COSMOS Summer 2006, Lab Exercise 5: Using Your Programs to Process Real Data

Today's exercise

In the past couple of weeks, we've written a variety of programs that process DNA sequences in different ways: counting nucleotides, calculating reverse complements, finding candidate genes, and so on. Unfortunately, it hasn't been possible for us to run them on any real data, such as the data available from GenBank. Today, using the component we built in class yesterday for reading DNA or amino acid sequences from data stored in FASTA format, I'd like you to enable some of your previous programs to work on real data. Be sure to compare your results with one another, as it's one way to know whether your results are correct.

Useful functions

In the last two lectures, we learned about functions, which allow you to write pieces of a program separately, then assemble the pieces into complete programs. Yesterday, we wrote a function to read sequence data from a FASTA file; below is a link to that function.

Function to read FASTA data

Previous solutions of yours — or the "official" solutions that I provided after each lab session — will also be useful today, though you may need to make functions out of some of them.

Useful data

I visited the GenBank web site and downloaded some real DNA data for us to experiment with today. I took the liberty of copying and pasting the data into files for you, so that it can be used by your program. Links to the data files follow.
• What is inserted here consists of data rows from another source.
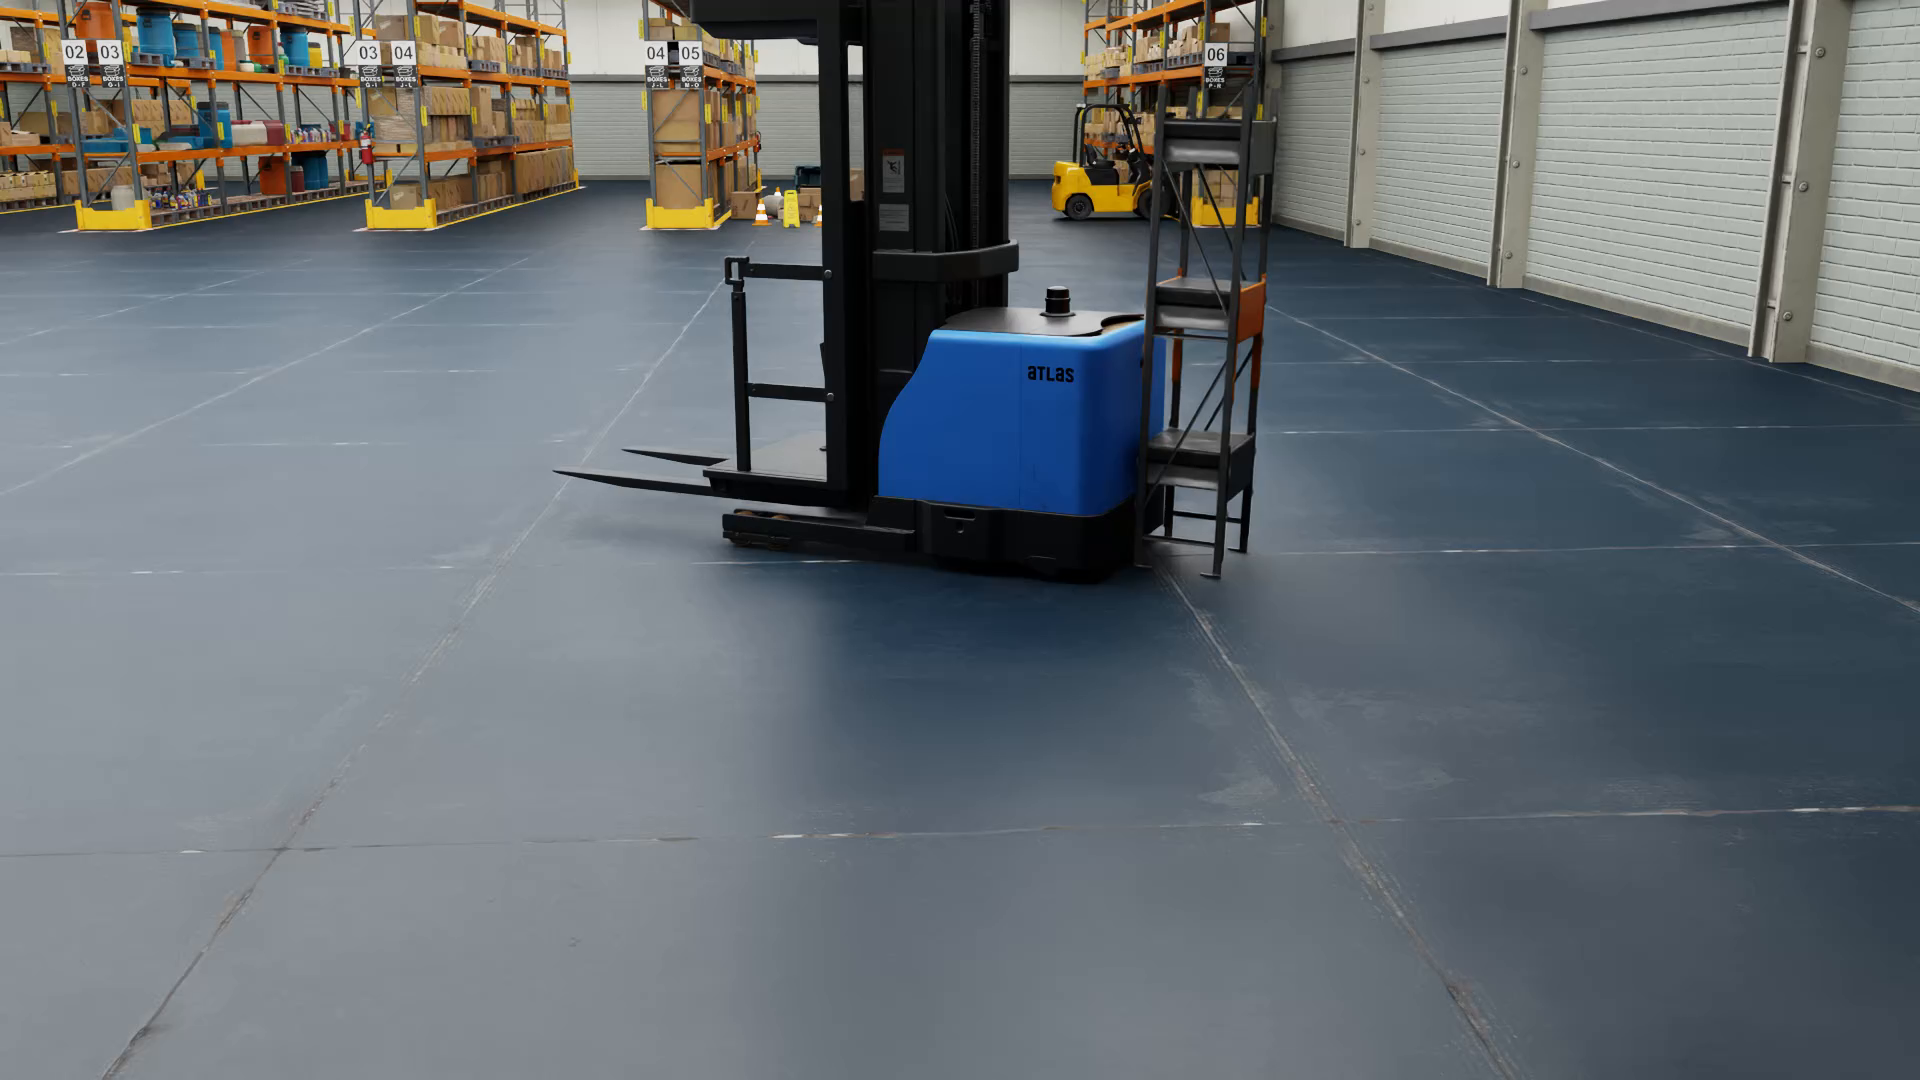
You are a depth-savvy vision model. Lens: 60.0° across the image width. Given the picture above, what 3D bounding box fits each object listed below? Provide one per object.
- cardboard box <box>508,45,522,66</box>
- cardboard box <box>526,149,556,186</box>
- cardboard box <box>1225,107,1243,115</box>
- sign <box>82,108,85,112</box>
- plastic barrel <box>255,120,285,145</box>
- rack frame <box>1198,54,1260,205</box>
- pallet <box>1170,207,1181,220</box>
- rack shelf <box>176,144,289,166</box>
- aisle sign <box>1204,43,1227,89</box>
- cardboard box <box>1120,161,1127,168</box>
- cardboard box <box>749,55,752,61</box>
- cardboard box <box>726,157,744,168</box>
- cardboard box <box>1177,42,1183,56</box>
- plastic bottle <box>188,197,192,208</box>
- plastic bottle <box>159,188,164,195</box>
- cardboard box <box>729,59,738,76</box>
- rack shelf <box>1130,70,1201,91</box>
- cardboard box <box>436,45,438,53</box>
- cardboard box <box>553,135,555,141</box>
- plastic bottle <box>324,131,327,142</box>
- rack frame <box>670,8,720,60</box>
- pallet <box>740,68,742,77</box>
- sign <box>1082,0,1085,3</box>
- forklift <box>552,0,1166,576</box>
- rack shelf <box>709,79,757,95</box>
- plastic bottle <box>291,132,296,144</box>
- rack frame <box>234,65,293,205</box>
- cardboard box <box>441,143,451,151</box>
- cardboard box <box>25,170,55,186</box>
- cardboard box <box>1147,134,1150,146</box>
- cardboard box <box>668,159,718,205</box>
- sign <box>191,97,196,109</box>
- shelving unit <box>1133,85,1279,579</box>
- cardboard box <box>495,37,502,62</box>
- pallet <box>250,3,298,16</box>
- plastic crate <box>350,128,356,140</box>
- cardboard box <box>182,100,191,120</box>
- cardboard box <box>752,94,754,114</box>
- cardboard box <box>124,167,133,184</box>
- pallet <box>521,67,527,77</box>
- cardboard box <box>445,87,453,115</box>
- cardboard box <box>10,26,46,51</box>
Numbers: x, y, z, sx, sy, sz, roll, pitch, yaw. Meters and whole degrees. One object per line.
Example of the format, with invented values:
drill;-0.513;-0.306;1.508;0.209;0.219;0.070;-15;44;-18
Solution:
cardboard box;-10.618;-11.231;38.587;0.797;0.503;0.637;-1;14;-4
cardboard box;-10.679;-9.352;41.774;0.875;0.875;0.875;-1;14;-3
cardboard box;5.063;-7.851;30.423;0.380;0.149;0.250;-1;14;-5
sign;-21.146;-10.269;40.180;0.100;0.325;0.005;-1;14;-3
plastic barrel;-15.082;-8.896;36.308;0.600;0.536;0.708;-1;14;-3
rack frame;4.871;-7.258;30.216;1.000;3.000;0.127;-1;14;-3
pallet;4.709;-6.400;32.476;1.003;0.211;1.213;-1;14;-3
rack shelf;-15.289;-8.095;34.912;1.077;0.370;4.000;-1;14;-3
aisle sign;4.582;-8.496;29.811;0.394;0.787;0.004;-1;14;-3
cardboard box;4.038;-9.004;39.872;0.380;0.149;0.250;-2;15;-6
cardboard box;-5.636;-12.605;43.473;0.380;0.149;0.250;-1;14;-3
cardboard box;-5.397;-8.979;39.572;0.500;0.250;0.500;-2;15;-6
cardboard box;4.412;-9.518;32.207;0.396;0.266;0.258;-1;14;-5
plastic bottle;-14.765;-6.450;31.810;0.097;0.201;0.097;0;14;0
plastic bottle;-15.530;-6.669;32.359;0.144;0.351;0.185;0;14;-2
cardboard box;-5.283;-10.716;37.434;0.500;0.500;0.500;-1;14;-3
rack shelf;4.499;-9.855;35.731;1.077;0.370;4.000;-1;14;-3
cardboard box;-9.869;-9.058;30.693;0.380;0.149;0.250;-1;14;-4
cardboard box;-10.455;-10.165;42.019;0.380;0.149;0.250;-1;14;-5
plastic bottle;-15.291;-9.691;39.922;0.152;0.276;0.135;-1;14;-3
rack frame;-5.265;-10.979;32.638;1.000;3.000;0.127;-1;14;-3
pallet;-5.762;-11.012;39.163;1.213;0.211;1.003;-1;14;-3
sign;3.338;-14.625;44.775;0.100;0.325;0.005;-1;14;-3
forklift;-0.576;-1.484;7.910;3.031;2.935;1.130;6;16;23
rack shelf;-5.885;-11.665;42.768;1.077;0.370;4.000;-1;14;-3
plastic bottle;-15.146;-9.108;37.656;0.152;0.276;0.135;-1;14;-3
rack frame;-15.413;-8.941;36.755;1.000;3.000;0.127;-1;14;-3
cardboard box;-9.750;-7.355;31.096;0.380;0.149;0.250;-1;14;-3
cardboard box;-20.079;-7.882;36.191;0.500;0.311;0.500;-1;14;-2
cardboard box;4.294;-8.550;35.540;0.500;0.250;0.500;-1;14;-3
cardboard box;-5.296;-7.091;32.986;0.875;0.875;0.875;-1;14;-3
sign;-20.298;-11.572;44.025;0.100;0.325;0.005;-1;14;-3
shelving unit;1.088;-0.925;7.384;0.431;2.100;0.503;8;16;22
cardboard box;-10.148;-10.518;35.663;0.500;0.500;0.500;-1;14;-4
pallet;-15.427;-11.741;36.780;1.213;0.211;1.003;-1;14;-3
plastic crate;-15.572;-10.290;42.116;0.437;0.282;0.530;-1;14;-3
cardboard box;-20.551;-11.281;43.644;0.500;0.500;0.500;-1;14;-4
cardboard box;-5.659;-11.370;43.392;0.500;0.500;0.500;0;14;-1
cardboard box;-20.288;-8.744;40.125;0.500;0.500;0.500;-1;14;-4
pallet;-10.635;-10.816;38.402;1.003;0.211;1.213;0;14;-1
cardboard box;-9.830;-8.218;31.143;0.500;0.500;0.500;-1;14;-3
cardboard box;-20.378;-10.959;36.373;0.500;0.500;0.500;-1;14;-3
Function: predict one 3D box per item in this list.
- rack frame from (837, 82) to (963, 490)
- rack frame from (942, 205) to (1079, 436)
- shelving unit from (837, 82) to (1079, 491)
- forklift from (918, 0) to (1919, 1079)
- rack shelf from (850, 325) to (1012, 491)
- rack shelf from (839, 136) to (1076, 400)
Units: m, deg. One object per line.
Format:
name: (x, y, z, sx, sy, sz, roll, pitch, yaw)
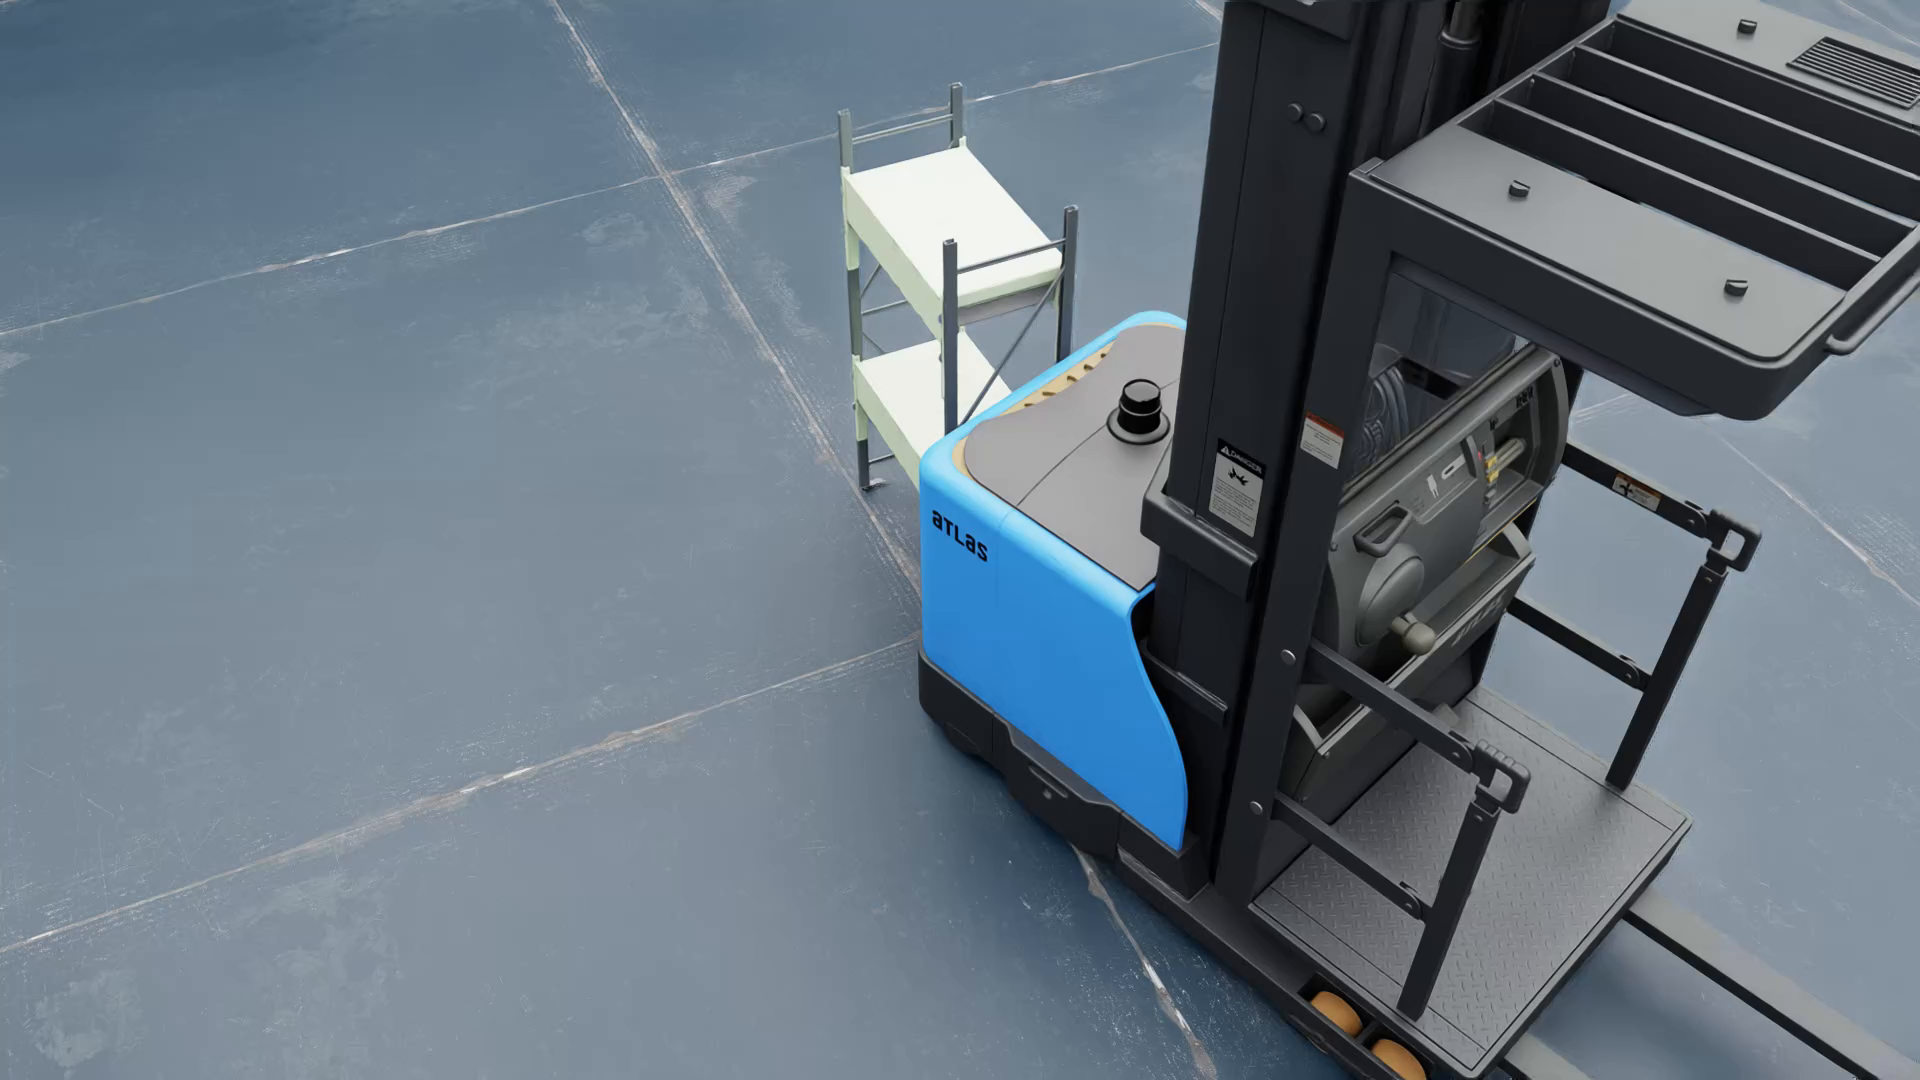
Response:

Save these files on your desktop as you prepare to work today.

Today's programs

Today, I'd like you to assemble a few programs out of pieces that we've already written previously. The objective is to make some of our previous programs work with real data, such as the data that I downloaded from GenBank. You may need to write some code for each, but the difficult part has mostly been done in previous labs; today, it will mostly be necessary to assemble existing parts, with a couple of modifications to some of them so that they'll fit together.

Today's programs are:

Assemble a program that counts and reports the number of A's, C's, T's, and G's in each DNA sequence that appears in a FASTA file. First, your program should ask the user for the filename of the FASTA file, then it should read the sequences out of the file, and finally process the sequences, counting the A/C/T/G nucleotides in each, reporting the counts.
- Note that most of this work has been done previously. In the second lab session, we wrote a program to count nucleotides. Reading data from a FASTA file is done by our function from yesterday's lecture. Code for asking the user for a filename and looping over the sequences read from a file appeared in at least one program from the last Thursday's lab session.
Assemble a program that finds and reports candidate genes on the given and reverse strands of each DNA sequence that appears in a FASTA file. Like the previous program, this program should ask the user for the filename, read the sequences out of the file, and finally process the sequences. Format your output in the same way as the similar program from last Thursday's lab session.
- Initially, find candidate genes that are at least 20 codons long. Take note of the number of candidate genes that your program found on the sequences in each data file. Try increasing the necessary length of codons from 20 to 50, from 50 to 100, and from 100 to 200, to see whether it dramatically impacts the number of candidate genes that your program found.
Using today's second program as a starting point, add the component from last Thursday's lab session that translates each candidate gene to an amino acid sequence. Have your program print the amino acid sequence for each candidate gene as part of its output.

Run each of your programs on the provided FASTA data from GenBank. Be sure to compare your results with others' results.

Finished early? (Sorry, no games or videos today)

If you're done with the assignment, I'd prefer that you spend the remaining time on productive tasks. In particular, it would be good for you to spend time working on your projects, which will need to be done sooner than it seems.